Chiedere la riapertura è più che legittimo e, consentitemi, anche ovvio argomentarlo. Senza dubbio più difficile, soprattutto senza casi precedenti a cui fare riferimento a parte Wuhan e la Corea del Sud, con le relative eccezioni, è invece delineare il Piano B. Ma questa, non credo che si possano avere dubbi a riguardo, è la vera questione da sciogliere senza dover immagine di vivere i prossimi mesi – anche quando, speriamo presto, il cosiddetto picco epidemiologico sarà passato – nell’incubo di essere contagiati o di contagiare. Di andare (o non andare) con timore a cinema, a teatro, in spiaggia o al supermercato con l’incubo di diventare bombe biologiche per i nostri cari.
I risultati di contenimento che sperabilmente otterremo nelle prossime due settimane saranno ottenuti principalmente grazie al distanziamento sociale e al lockdown.
Ma dopo cosa faremo per evitare che l’aumento considerevole del rischio potrà ripetersi allo stesso modo, minacciando nuovamente anche la capacità del Sistema Sanitario Nazionale e la possibilità di cura per tutti? 
Il principio di precauzione
Allora da dove possiamo partire senza riferimenti scientifici certi? Senza una vera e propria teoria?
Sicuramente i modelli matematici epidemiologici sono un punto di partenza, abbiamo già condiviso alcune riflessioni nei post precedenti, ne condivido uno nuovo che suggerisce (nella figura che riporto e nel link indicato in basso) cosa fare per allentare il lockdown e tenere l’epidemia “sotto controllo” con R0<1.
Tuttavia, una serie di cose ragionevoli, nel rispetto del principio di precauzione che tante volte abbiamo invocato per altri rischi ambientali e sociali, e di strategie (anch’esse ragionevoli) adottate con evidente successo in Cina e in Corea del Sud, non possono che essere messe in campo prima di pensare a qualsiasi forma di riapertura o allentamento del lockdown.
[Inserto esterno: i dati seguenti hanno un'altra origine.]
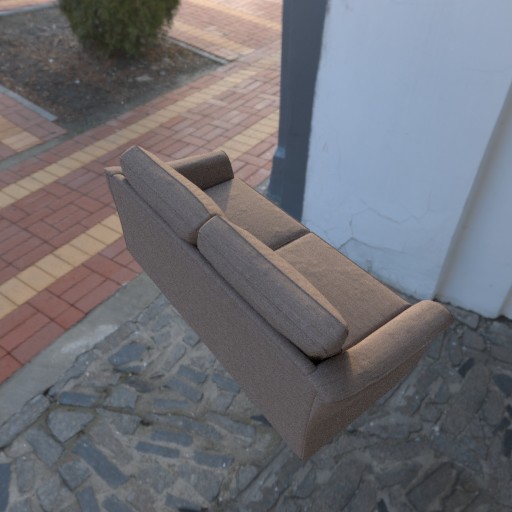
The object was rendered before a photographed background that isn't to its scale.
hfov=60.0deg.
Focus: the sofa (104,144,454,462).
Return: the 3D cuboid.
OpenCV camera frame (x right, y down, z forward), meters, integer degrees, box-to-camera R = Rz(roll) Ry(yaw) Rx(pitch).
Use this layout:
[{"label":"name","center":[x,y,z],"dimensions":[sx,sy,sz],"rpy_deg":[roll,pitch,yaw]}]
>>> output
[{"label":"sofa","center":[0.000,0.000,2.811],"dimensions":[0.980,0.965,2.270],"rpy_deg":[-27,49,-27]}]

Azioni che, quando la scienza ne comprende l’efficacia ma non riesce a capirne e misurarne o controllarne rigorosamente gli effetti seppur positivi, chiama “best practice”.
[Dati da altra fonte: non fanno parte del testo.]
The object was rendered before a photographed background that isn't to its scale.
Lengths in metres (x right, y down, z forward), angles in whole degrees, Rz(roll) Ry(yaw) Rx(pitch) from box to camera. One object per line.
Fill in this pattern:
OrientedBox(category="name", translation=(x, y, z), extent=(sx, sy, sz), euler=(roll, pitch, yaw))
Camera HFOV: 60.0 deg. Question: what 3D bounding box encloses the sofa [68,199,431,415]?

Se i modelli epidemiologici di previsione sono corretti, fino al vaccino non potremo considerarci al sicuro, non potremo essere certi che i giorni che stiamo vivendo non si ripeteranno. Allora, nei lunghi mesi che ci distanziano dalla fine dell'emergenza COVID-19, possiamo mettere in campo tantissime azioni per ridurre il rischio di ciascuno di noi e delle persone più fragili e far ripartire il Paese.
Ho provato a riassumerle in 10 azioni, mi perdonerete per l’estrema sintesi adottata e per averne sicuramente dimenticata qualcuna che si va aggiungendo giorno dopo giorno:
#1 Assicurare DPI per personale medico, sanitario, forze dell’ordine, pubblici ufficiali
Dobbiamo conoscere tempi certi per garantire che personale medico, sanitario, forze dell’ordine, pubblici ufficiali e tutte le altre categorie più a rischio siano dotati di Dispositivi di Protezione Individuale (DPI) che li proteggano e ci proteggano dal possibile contagio. Ma anche questa prima azione, pur ampiamente condivisa, non è, in questo momento e per le prossime settimane, garantita. Occorrono milioni di DPI al giorno che non abbiamo ancora. 
#2 Dotare di mascherine e disinfettanti tutti i cittadini
Ci hanno detto in queste settimane che le mascherine dovevano indossarle solo i sintomatici o gli asintomatici che pensavano di poter essere stati contagiati perché a contatto con persone positive al COVID-19. Suggerimento ragionevole senza mascherine per tutti, senza mascherine per il personale sanitario e le categorie più a rischio e in una situazione di lockdown generale.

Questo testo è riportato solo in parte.